8. The luminous opinion of Hon'ble Sikri,J. as expressed in the aforesaid judgment in the case of Bad Shah (Supra) at paragraph nos. 17 to 21, 25 and 27 are being quoted hereunder:
"17. Thirdly, in such cases, purposive interpretation needs to be given to the provisions of Section 125, Cr. P.C. while dealing with the application of destitute wife or hapless children or parents under this provision, the Court is dealing with the marginalized sections of the society. The purpose is to achieve "social justice" which is the Constitutional vision, enshrined in the Preamble of the Constitution of India. Preamble to the Constitution of India clearly signals that we have chosen the democratic path under rule of law to achieve the goal of securing for all its citizens, justice, liberty, equality and fraternity. It specifically highlights achieving their social justice. Therefore, it becomes the bounden duty of the Courts to advance the cause of the social justice. While giving interpretation to a particular provision, the Court is supposed to bridge the gap between the law and society.

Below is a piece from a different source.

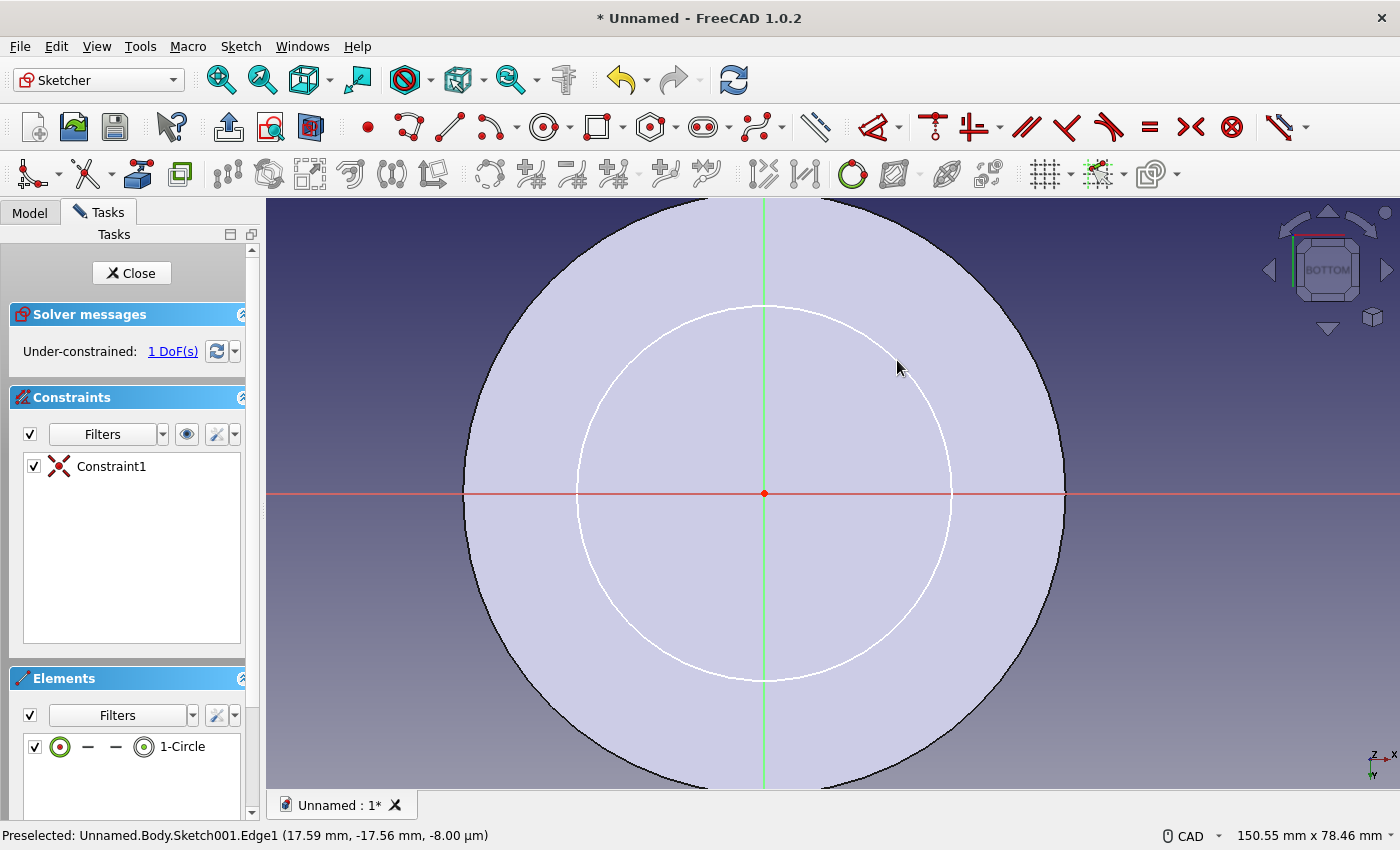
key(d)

18. Of late, in this very direction, it is emphasized that the Courts have to adopt different approaches in "social justice adjudication" which is also known as "social context adjudication" as mere "adversarial approach"
may not be very appropriate. There are number of social justice legislations giving special protection and benefits to vulnerable groups in the society. Prof. Madhava Menon describes it eloquently:
"It is, therefore, respectfully submitted that "social context judging"

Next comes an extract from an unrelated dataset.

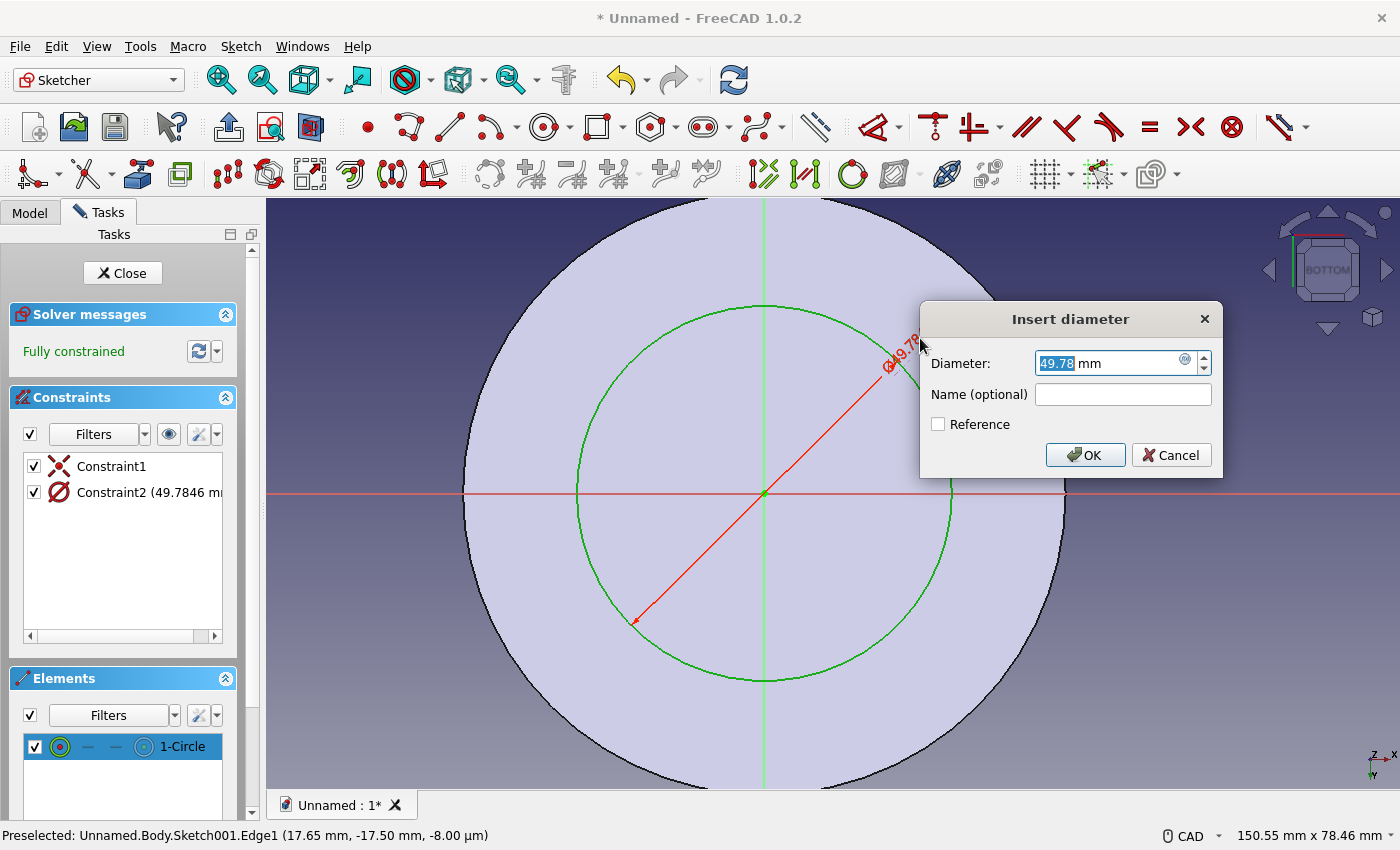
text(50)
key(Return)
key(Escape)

is essentially the application of equality jurisprudence as evolved, by Parliament and the Supreme Court is myriad situations presented before Courts where unequal parties are pitted in adversarial proceedings and where courts are called upon to dispense equal justice. Apart from the socialeconomic inequalities accentuating the disabilities of the poor in an unequal fight the adversarial process itself operates to the disadvantage of the weaker party. In such a situation, the judge has to be not only sensitive to the inequalities of parties involved but also positively inclined to the weaker party if the imbalance were not to result in miscarriage of justice. This result is achieved by what we call social context judging or social justice adjudication"
19. Provision of maintenance would definitely fall in this category which aims at empowering the destitute and achieving social justice or equality and dignity of the individual. While dealing with cases under this provision, drift in the approach from "adversarial" litigation to social context adjudication is the need of the hour.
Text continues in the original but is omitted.